Greider reports that "Stockman had no objection. The amendment wouldn't cost much overall, and it would 'take care of those people who have been good soldiers.'"[36] But if Stockman did not really mind, other Republicans did. At the least, the administration's opposition was muted, and Domenici seemed willing to go along. Then Domenici decided to try to beat the amendment. Putting a little back into the basic package "made it easier" for fence-sitting moderate Republicans. As a symbol of the vote's importance, Vice President Bush was in the Senate chair if necessary to break a tie.

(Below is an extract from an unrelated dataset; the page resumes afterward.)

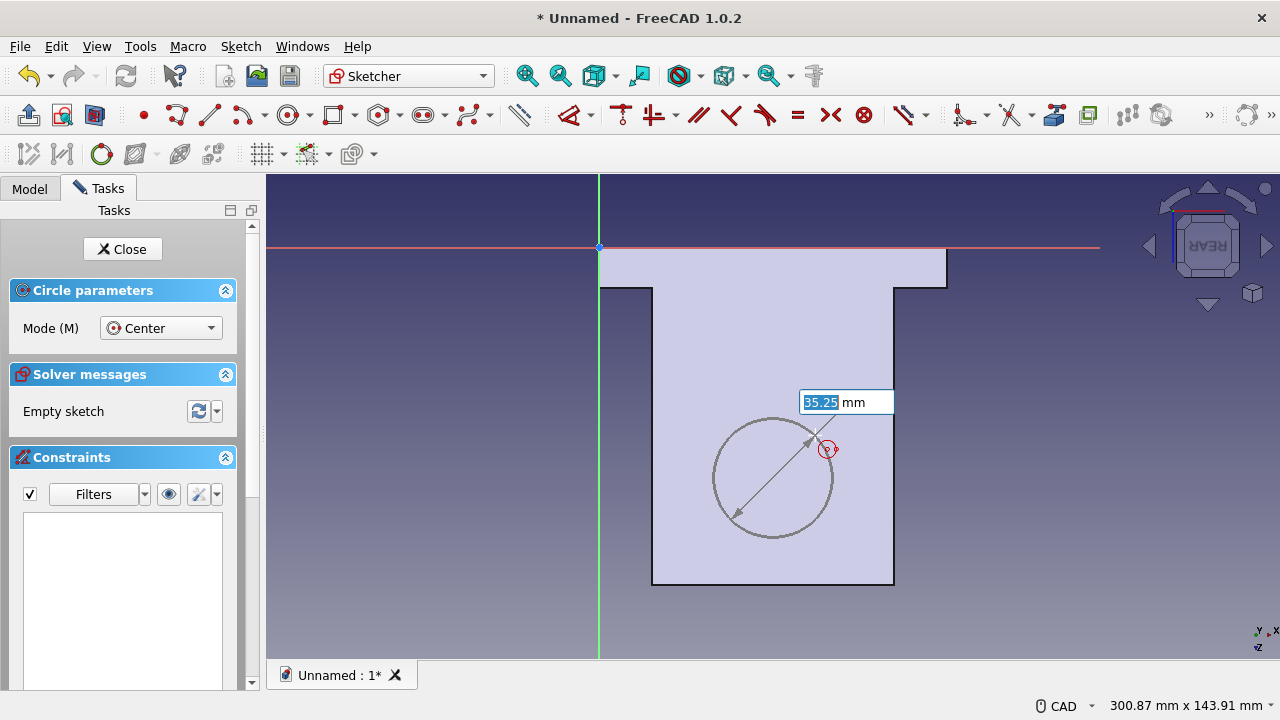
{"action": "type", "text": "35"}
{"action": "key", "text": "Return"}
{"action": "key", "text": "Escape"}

Chafee lost 40 to 59. Majority Whip Ted Stevens of Alaska admitted he was voting against Chafee reluctantly, adding that "many of us have been saying no not only to programs we supported in the past, but sometimes to programs we initiated."[37] Eleven Republicans still stood up for Chafee. Hatfield, as a member of the leadership, could not join his "Gang of Five" colleagues; but John Heinz and Arlen Specter (Pa.), William Cohen (Maine), David Durenberger (Minn.), Mark Andrews (N.D.), John Danforth (Mo.), and Charles Percy (Ill.) joined Stafford, Weicker, Mathias, and Chafee. Those Republicans, however, were more than balanced by the seventeen mostly southern Democrats who opposed the amendment.

The Chafee failure showed there would be no coalition of moderate Democrats and liberal Republicans. "Chafee was the one shot we had at making inroads," said Chris Dodd (D-Conn.). "When that failed, any hope of making additional inroads went out the window."[38] The vote also dramatized the situation of the northern "gypsy moth" Republicans of the House and Senate.